Im Interview mit Boder wendet sich Bella Zgnilek auf polnisch an ihre Zuhörer:innen. Ein kritischer Blick auf die bisherige Übersetzung zeigt, dass ihre Äußerung entschärft wurde.
„Well, I will just send them regards, and I am happy that not everybody of the Jews went through such a hard times as we did“[1] beschließt Bella Zgnilek das englischsprachige Interview mit David P. Boder auf dessen Frage hin, ob sie „your own people“ noch etwas mitteilen wolle. Danach folgt eine Pause. Geräusche legen nahe, dass Zgnilek und Boder sich austauschen, während die Aufnahme nicht weiterläuft. Als die Aufnahme wieder einsetzt, ergreift Boder das Wort und leitet ein weiteres Schlusswort Zgnileks ein: „Bella wants to add a few remarks in Polish. Go ahead, Bella.“ Zgnileks polnische Äußerung erklärt Boder im Anschluss vor verschiedenen Hintergründen – erstens aus seinem Interesse als Forscher heraus, zweitens als Gefühlsäußerung von jungen Überlebenden und drittens als eine Auffassung Zgnileks, die richtig eingeordnet werden müsse:
This was a kind of a postscript that I wanted to have, because it‘s exceedingly important to have the feelings of these young people. We notice here that she spoke in German, in English, in Polish, and when it came to express her feelings she preferred to express it in Polish. This polyglotism, or multilinguistics if we want to call it that way, represents a psychological and ethnic problem at the same time.[2]

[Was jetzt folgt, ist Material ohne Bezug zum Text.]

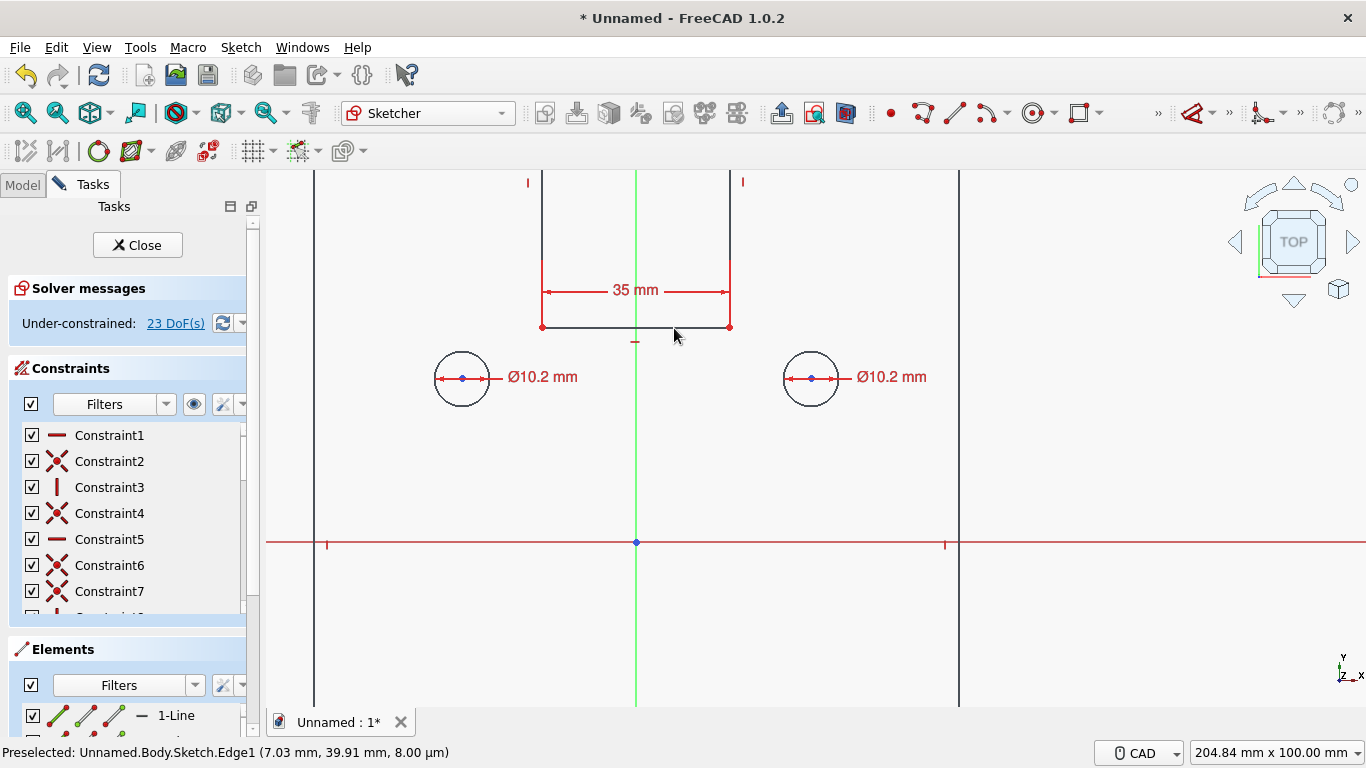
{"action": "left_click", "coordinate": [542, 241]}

Doch was sagt Bella Zgnilek eigentlich auf Polnisch, das sie von allen im Interview genutzten Sprachen am besten beherrscht? In der bisher veröffentlichten Fassung des Interviews gibt es keine polnische Transkription der Passage. Boder bot bei der Nachbereitung des Interviews eine Übersetzung (wahrscheinlich seines langjährigen Mitarbeiters und polnisch-jüdischen Shoah-Überlebenden Bernard Wolf) an, die auch auf der Website des Illinois Institute of Technology zugänglich ist:
I would like to tell you, my friends, that all of us Jews ought to hate the Germans because of the wrongs which they did to us and our families, because they broke our hearts, broke our homes, and we ought never to forget that.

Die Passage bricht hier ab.